== Try it ==
Exactly how many lines in this data contain the word "dimgap"? Only the number should be given.

Data entries:

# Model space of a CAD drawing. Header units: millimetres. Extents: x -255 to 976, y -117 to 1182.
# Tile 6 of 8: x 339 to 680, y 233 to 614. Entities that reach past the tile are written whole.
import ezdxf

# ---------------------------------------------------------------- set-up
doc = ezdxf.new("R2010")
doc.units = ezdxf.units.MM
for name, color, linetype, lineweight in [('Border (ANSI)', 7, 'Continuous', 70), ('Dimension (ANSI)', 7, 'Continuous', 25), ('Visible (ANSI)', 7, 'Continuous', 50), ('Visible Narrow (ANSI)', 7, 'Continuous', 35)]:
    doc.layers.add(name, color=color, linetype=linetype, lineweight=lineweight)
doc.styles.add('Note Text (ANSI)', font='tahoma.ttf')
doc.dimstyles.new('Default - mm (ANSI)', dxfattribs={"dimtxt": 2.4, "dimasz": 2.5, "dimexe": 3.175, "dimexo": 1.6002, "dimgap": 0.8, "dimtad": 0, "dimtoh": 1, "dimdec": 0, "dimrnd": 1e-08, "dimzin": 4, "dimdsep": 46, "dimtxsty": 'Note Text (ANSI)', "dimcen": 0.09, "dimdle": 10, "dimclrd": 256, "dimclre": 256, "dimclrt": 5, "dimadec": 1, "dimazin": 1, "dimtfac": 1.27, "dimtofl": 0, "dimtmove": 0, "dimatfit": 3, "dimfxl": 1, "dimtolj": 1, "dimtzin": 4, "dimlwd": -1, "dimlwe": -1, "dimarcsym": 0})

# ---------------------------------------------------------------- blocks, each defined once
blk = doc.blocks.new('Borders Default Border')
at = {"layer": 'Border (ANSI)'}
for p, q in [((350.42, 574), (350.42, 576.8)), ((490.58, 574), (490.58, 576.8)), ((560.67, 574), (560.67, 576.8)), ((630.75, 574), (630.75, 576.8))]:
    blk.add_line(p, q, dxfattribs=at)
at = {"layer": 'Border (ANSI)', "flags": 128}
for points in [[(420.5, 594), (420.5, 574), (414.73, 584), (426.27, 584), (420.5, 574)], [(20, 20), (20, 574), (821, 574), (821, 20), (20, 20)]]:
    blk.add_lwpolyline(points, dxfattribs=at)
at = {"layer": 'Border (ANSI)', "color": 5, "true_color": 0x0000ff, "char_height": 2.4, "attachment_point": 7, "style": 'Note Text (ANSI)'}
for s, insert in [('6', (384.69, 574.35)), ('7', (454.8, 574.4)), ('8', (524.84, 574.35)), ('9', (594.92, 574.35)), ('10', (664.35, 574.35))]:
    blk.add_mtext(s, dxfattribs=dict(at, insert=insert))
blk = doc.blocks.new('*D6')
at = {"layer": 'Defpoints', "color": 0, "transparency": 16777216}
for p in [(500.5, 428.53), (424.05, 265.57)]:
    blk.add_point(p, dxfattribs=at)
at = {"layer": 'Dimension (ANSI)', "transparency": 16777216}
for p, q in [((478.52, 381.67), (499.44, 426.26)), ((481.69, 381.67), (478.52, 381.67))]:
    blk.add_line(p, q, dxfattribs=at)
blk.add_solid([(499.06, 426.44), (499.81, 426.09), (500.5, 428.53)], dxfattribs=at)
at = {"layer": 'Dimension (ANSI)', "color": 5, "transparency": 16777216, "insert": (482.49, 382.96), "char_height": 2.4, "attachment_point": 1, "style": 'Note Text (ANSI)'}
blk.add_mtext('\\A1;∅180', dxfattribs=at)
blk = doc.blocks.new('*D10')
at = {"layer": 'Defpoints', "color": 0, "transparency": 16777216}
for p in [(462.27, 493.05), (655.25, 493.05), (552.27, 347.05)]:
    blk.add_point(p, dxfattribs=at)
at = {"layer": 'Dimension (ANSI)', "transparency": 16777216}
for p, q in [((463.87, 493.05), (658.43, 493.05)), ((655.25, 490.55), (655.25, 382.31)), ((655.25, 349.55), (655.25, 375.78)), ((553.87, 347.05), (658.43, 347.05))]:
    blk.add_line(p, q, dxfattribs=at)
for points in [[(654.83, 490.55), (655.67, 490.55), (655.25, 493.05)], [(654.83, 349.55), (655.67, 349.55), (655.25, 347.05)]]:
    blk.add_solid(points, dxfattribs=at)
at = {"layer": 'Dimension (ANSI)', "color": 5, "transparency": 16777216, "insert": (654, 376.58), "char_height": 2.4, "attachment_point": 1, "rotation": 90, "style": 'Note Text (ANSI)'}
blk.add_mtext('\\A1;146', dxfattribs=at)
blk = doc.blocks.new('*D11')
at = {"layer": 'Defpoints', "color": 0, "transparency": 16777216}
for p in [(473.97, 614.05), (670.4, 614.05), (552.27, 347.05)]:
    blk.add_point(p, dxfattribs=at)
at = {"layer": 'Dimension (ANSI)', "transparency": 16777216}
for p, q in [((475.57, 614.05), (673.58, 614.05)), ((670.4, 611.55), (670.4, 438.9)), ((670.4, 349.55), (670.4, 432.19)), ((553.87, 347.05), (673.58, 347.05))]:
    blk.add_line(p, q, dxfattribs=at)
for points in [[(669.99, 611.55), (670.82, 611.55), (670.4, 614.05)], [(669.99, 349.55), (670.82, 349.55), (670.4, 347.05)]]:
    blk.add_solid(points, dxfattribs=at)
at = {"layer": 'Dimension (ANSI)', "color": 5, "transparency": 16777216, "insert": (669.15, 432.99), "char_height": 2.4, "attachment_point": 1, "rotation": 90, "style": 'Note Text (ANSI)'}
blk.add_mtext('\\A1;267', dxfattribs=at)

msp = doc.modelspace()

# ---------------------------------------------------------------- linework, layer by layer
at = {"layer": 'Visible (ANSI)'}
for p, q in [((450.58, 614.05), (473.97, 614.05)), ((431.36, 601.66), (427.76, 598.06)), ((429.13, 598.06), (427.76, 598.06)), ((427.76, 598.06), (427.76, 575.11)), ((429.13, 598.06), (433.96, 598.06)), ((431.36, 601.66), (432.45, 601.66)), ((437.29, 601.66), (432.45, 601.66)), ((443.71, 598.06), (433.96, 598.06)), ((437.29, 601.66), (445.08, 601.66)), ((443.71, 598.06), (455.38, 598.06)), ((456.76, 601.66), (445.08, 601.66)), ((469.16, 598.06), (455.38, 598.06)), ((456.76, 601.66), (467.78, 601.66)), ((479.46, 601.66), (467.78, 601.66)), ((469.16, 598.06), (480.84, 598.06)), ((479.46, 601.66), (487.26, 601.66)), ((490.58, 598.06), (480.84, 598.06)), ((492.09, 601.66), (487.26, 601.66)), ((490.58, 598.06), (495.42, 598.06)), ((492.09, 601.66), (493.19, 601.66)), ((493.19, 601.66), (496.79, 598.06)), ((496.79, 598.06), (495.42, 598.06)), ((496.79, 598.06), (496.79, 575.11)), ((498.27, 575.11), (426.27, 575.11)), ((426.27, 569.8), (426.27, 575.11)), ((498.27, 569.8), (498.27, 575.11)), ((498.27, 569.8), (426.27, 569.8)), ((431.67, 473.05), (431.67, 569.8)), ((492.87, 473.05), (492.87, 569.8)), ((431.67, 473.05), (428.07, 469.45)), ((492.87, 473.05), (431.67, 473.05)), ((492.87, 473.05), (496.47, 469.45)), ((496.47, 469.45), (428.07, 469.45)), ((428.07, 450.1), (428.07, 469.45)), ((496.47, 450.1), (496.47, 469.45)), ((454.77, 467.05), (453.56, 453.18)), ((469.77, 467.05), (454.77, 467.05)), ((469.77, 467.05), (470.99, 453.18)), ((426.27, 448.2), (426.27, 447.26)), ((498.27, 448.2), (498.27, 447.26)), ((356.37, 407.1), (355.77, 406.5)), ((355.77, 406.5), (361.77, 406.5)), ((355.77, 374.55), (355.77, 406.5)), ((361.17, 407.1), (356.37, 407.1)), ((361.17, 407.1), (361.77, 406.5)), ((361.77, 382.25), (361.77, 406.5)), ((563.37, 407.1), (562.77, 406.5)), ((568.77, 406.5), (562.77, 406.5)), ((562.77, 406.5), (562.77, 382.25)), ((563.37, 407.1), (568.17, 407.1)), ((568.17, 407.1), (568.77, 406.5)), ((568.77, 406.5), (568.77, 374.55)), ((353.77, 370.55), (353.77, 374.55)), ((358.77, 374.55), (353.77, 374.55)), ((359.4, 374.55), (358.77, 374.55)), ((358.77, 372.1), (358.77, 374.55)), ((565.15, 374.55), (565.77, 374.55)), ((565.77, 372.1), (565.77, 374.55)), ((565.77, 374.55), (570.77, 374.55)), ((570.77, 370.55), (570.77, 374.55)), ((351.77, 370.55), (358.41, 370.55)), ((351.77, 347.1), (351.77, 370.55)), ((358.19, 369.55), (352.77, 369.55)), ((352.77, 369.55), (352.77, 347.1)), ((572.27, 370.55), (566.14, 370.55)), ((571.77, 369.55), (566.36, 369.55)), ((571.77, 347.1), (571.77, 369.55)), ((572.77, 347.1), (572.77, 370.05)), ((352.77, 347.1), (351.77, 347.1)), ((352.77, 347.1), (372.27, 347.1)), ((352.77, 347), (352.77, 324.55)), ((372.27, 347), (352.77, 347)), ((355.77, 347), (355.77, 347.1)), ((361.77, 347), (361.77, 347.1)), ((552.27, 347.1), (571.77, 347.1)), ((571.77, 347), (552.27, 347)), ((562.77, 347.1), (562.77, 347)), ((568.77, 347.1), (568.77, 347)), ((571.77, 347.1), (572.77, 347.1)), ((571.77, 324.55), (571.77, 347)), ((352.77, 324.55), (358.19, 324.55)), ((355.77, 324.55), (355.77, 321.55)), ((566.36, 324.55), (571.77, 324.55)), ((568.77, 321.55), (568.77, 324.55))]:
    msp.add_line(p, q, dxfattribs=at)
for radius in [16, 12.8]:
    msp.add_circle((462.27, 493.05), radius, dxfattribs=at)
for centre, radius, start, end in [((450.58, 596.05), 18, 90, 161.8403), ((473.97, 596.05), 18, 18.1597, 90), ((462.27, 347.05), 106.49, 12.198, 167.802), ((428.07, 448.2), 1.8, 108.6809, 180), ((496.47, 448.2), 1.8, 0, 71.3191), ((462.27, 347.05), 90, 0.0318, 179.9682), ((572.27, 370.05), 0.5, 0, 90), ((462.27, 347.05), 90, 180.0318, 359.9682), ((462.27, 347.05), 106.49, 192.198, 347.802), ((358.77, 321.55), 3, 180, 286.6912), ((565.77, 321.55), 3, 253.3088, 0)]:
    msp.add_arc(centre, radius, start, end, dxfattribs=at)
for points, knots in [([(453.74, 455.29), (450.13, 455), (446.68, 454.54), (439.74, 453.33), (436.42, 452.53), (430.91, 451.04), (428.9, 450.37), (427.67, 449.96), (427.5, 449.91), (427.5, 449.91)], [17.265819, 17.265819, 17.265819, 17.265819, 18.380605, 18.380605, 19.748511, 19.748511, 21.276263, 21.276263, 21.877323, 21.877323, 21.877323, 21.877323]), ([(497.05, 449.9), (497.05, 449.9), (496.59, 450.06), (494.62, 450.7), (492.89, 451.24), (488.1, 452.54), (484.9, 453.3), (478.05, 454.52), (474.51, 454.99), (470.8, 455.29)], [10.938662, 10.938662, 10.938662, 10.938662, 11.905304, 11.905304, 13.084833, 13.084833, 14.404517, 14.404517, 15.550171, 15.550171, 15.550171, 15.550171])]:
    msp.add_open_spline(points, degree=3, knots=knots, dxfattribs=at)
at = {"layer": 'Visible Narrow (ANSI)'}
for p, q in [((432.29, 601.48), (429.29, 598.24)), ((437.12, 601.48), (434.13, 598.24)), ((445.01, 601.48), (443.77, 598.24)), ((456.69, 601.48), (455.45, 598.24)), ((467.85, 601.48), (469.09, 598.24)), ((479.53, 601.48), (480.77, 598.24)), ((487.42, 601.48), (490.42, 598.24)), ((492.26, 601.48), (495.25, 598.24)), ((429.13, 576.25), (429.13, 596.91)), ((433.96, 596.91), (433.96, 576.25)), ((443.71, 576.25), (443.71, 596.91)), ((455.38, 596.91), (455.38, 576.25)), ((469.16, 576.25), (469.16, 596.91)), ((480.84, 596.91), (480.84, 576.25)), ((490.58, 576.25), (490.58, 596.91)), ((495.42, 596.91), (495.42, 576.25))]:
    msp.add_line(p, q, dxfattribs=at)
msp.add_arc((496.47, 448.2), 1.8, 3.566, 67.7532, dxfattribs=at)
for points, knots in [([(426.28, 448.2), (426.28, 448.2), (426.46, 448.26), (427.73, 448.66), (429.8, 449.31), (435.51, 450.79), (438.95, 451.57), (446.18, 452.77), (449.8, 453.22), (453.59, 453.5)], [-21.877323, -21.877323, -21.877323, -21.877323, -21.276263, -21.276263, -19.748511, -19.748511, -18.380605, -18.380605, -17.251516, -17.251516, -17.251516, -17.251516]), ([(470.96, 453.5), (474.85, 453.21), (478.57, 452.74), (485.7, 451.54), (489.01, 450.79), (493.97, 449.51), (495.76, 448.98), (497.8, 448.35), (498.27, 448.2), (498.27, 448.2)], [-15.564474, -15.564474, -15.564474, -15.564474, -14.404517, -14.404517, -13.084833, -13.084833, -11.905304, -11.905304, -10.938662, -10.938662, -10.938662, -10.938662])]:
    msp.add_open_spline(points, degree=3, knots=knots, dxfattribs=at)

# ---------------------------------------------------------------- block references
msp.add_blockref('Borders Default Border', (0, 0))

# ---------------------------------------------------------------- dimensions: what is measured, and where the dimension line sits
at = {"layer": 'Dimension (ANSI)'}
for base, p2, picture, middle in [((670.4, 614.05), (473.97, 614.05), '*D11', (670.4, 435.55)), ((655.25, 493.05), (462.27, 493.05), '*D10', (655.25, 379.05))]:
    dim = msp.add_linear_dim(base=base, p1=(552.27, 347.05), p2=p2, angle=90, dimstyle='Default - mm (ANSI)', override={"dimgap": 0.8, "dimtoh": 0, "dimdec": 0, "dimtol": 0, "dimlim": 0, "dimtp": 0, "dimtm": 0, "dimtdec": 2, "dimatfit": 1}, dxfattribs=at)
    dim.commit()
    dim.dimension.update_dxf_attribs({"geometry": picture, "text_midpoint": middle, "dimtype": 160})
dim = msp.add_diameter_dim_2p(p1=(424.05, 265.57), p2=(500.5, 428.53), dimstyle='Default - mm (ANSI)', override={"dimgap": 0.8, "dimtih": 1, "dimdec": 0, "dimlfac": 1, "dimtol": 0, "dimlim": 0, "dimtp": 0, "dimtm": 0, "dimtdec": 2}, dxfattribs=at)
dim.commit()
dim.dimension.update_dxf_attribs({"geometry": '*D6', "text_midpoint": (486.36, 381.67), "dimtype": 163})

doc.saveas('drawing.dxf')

== The answer ==
3